Supplied material =
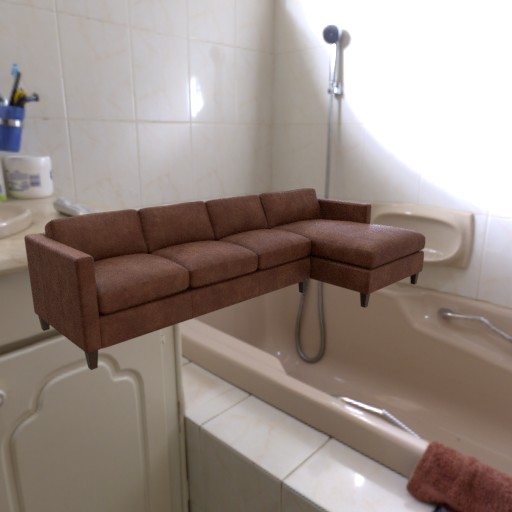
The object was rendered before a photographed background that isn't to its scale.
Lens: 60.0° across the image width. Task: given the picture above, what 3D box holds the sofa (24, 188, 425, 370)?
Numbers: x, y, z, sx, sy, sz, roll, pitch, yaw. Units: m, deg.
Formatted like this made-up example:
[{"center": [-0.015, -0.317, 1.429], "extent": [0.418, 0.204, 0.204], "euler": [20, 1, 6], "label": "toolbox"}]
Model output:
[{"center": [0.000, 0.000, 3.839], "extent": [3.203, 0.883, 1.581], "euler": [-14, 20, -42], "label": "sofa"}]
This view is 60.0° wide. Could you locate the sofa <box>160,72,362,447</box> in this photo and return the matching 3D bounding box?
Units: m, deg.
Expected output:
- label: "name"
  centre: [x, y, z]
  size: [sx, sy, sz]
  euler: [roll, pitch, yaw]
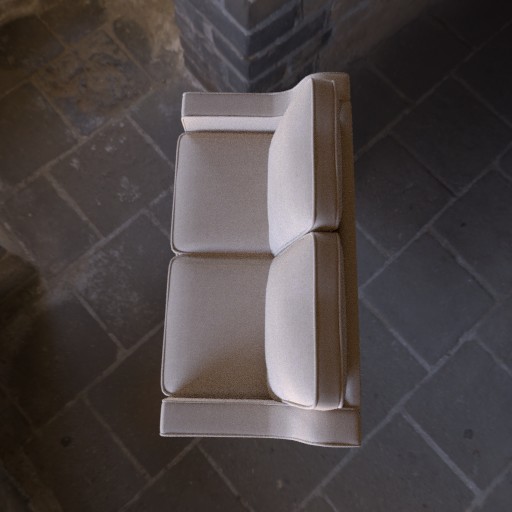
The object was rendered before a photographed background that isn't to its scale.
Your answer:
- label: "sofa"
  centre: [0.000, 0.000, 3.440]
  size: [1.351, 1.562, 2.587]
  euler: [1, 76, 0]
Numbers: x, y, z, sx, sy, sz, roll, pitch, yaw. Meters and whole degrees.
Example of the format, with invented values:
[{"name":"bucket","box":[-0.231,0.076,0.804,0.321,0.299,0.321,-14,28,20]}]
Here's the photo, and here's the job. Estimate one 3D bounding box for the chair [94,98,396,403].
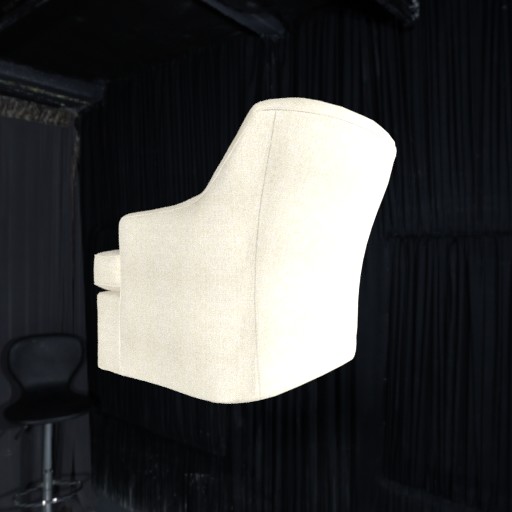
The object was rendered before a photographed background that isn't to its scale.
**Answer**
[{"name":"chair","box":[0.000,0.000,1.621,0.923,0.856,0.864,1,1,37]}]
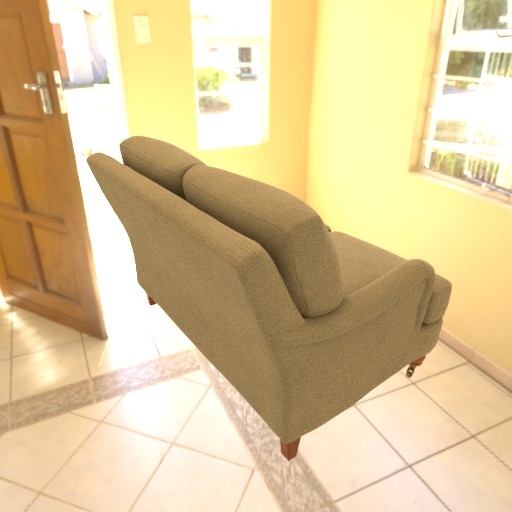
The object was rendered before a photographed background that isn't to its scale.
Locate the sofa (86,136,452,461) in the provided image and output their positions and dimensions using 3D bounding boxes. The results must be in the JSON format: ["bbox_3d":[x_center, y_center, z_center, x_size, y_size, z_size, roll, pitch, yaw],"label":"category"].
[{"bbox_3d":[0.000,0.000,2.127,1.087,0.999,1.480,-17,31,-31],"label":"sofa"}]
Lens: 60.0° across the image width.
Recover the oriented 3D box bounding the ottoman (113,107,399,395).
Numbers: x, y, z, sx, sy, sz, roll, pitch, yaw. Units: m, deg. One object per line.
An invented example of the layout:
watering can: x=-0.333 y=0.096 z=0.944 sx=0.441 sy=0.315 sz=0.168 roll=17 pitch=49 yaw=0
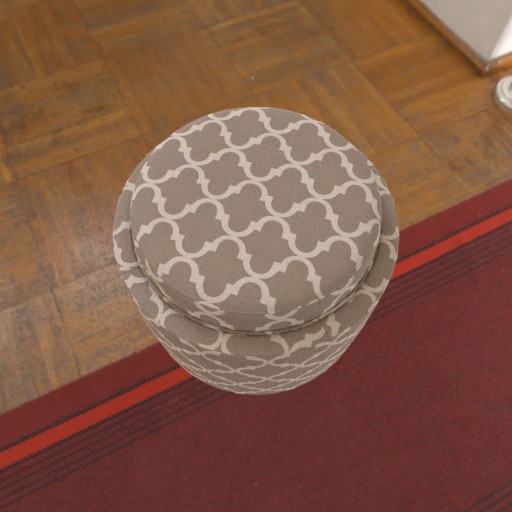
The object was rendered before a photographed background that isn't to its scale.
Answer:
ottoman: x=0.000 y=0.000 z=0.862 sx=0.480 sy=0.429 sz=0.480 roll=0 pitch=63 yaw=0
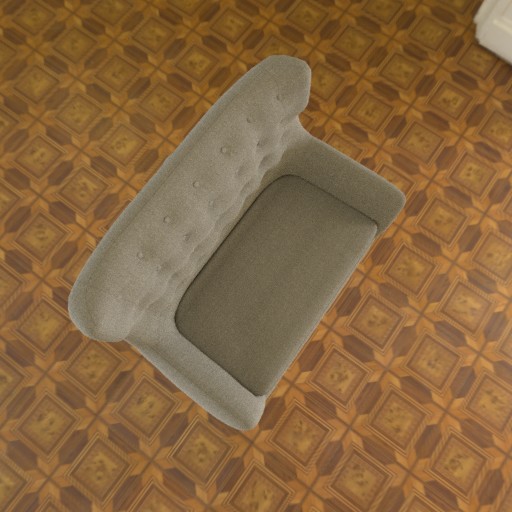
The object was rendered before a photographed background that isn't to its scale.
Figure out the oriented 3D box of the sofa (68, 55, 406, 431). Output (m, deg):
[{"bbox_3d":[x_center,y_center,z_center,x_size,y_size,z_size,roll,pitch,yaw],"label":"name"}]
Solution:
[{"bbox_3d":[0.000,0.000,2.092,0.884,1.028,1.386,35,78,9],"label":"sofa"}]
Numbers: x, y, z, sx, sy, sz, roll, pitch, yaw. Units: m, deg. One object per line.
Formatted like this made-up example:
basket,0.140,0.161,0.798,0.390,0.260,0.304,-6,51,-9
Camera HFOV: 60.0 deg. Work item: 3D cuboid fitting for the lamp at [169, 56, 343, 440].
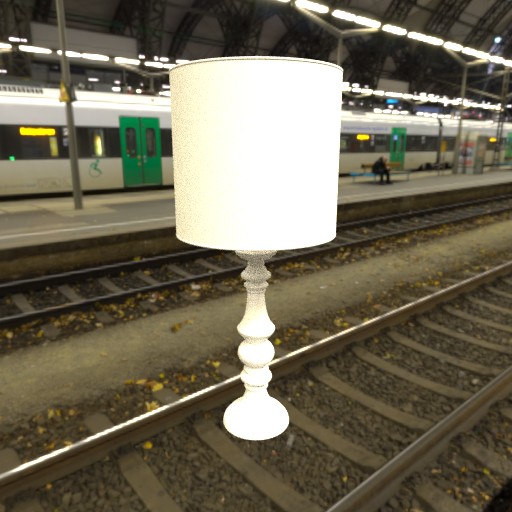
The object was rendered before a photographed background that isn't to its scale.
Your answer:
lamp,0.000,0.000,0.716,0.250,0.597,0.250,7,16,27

Work required = Make a word-for-word copy of the entries, without any pictures.

Worked solution =
The object was rendered before a photographed background that isn't to its scale.
Lens: 60.0° across the image width. Task: given the picture above, what 3D box holds the sofa (24, 188, 425, 370)?
Numbers: x, y, z, sx, sy, sz, roll, pitch, yaw. Units: m, deg.
Formatted like this made-up example:
[{"center": [-0.015, -0.317, 1.429], "extent": [0.418, 0.204, 0.204], "euler": [20, 1, 6], "label": "toolbox"}]
Model output:
[{"center": [0.000, 0.000, 3.839], "extent": [3.203, 0.883, 1.581], "euler": [-14, 20, -42], "label": "sofa"}]
This view is 60.0° wide. Could you locate the sofa <box>160,72,362,447</box> in this photo and return the matching 3D bounding box?
Units: m, deg.
Expected output:
- label: "name"
  centre: [x, y, z]
  size: [sx, sy, sz]
  euler: [roll, pitch, yaw]
The object was rendered before a photographed background that isn't to its scale.
Your answer:
- label: "sofa"
  centre: [0.000, 0.000, 3.440]
  size: [1.351, 1.562, 2.587]
  euler: [1, 76, 0]
Numbers: x, y, z, sx, sy, sz, roll, pitch, yaw. Meters and whole degrees.
Example of the format, with invented values:
[{"name":"bucket","box":[-0.231,0.076,0.804,0.321,0.299,0.321,-14,28,20]}]
Here's the photo, and here's the job. Estimate one 3D bounding box for the chair [94,98,396,403].
The object was rendered before a photographed background that isn't to its scale.
**Answer**
[{"name":"chair","box":[0.000,0.000,1.621,0.923,0.856,0.864,1,1,37]}]
The object was rendered before a photographed background that isn't to its scale.
Locate the sofa (86,136,452,461) in the provided image and output their positions and dimensions using 3D bounding boxes. The results must be in the JSON format: ["bbox_3d":[x_center, y_center, z_center, x_size, y_size, z_size, roll, pitch, yaw],"label":"category"].
[{"bbox_3d":[0.000,0.000,2.127,1.087,0.999,1.480,-17,31,-31],"label":"sofa"}]
Lens: 60.0° across the image width.
Recover the oriented 3D box bounding the ottoman (113,107,399,395).
Numbers: x, y, z, sx, sy, sz, roll, pitch, yaw. Units: m, deg. One object per line.
An invented example of the layout:
watering can: x=-0.333 y=0.096 z=0.944 sx=0.441 sy=0.315 sz=0.168 roll=17 pitch=49 yaw=0
The object was rendered before a photographed background that isn't to its scale.
Answer:
ottoman: x=0.000 y=0.000 z=0.862 sx=0.480 sy=0.429 sz=0.480 roll=0 pitch=63 yaw=0
The object was rendered before a photographed background that isn't to its scale.
Figure out the oriented 3D box of the sofa (68, 55, 406, 431). Output (m, deg):
[{"bbox_3d":[x_center,y_center,z_center,x_size,y_size,z_size,roll,pitch,yaw],"label":"name"}]
Solution:
[{"bbox_3d":[0.000,0.000,2.092,0.884,1.028,1.386,35,78,9],"label":"sofa"}]
Numbers: x, y, z, sx, sy, sz, roll, pitch, yaw. Units: m, deg. One object per line.
Formatted like this made-up example:
basket,0.140,0.161,0.798,0.390,0.260,0.304,-6,51,-9
Camera HFOV: 60.0 deg. Work item: 3D cuboid fitting for the lamp at [169, 56, 343, 440].
The object was rendered before a photographed background that isn't to its scale.
Your answer:
lamp,0.000,0.000,0.716,0.250,0.597,0.250,7,16,27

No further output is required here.